The cease-fire groups will soon have to decide whether or not to participate in the restricted political space outlined in SPDC's new constitution. In part, such decisions will depend on the position of Aung San Suu Kyi's National League for Democracy. The NMSP's attempt to "sit on the fence" will not be tenable for much longer. The party has been dealt a weak hand of cards - but has so far played them pretty well (sometimes as much by luck as judgement).
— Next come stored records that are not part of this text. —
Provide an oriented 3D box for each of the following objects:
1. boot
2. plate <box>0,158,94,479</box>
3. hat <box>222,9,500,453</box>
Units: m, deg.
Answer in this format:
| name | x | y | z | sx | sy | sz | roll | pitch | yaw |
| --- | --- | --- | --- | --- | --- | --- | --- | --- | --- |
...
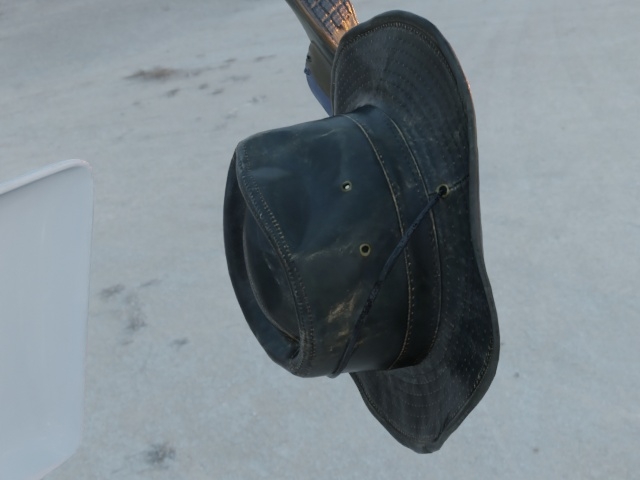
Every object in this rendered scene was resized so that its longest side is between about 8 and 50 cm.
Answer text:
| name | x | y | z | sx | sy | sz | roll | pitch | yaw |
| --- | --- | --- | --- | --- | --- | --- | --- | --- | --- |
| boot | -0.001 | -0.220 | 0.864 | 0.106 | 0.219 | 0.082 | -29 | 20 | 47 |
| plate | -0.261 | 0.099 | 0.458 | 0.045 | 0.277 | 0.278 | 28 | 35 | 24 |
| hat | 0.000 | 0.000 | 0.566 | 0.134 | 0.331 | 0.331 | -5 | 26 | -17 |

While retaining relations with the government, the NMSP is the only cease-fire group that still enjoys credibility within opposition circles (including most exile groups), and remains in contact with its old insurgent allies.

In 2007 the cease-fire groups are likely to come under renewed pressure from the SPDC. However it responds, the NMSP deserves credit for having got this far, while still preserving its basic integrity.

Ashley South

Bangkok

 

Ashley South is an independent writer and consultant, working on humanitarian issues and ethnic politics in Burma. He is the author of, "Mon Nationalism and Civil War in Burma: The Golden Sheldrake" (RoutledgeCurzon 2005).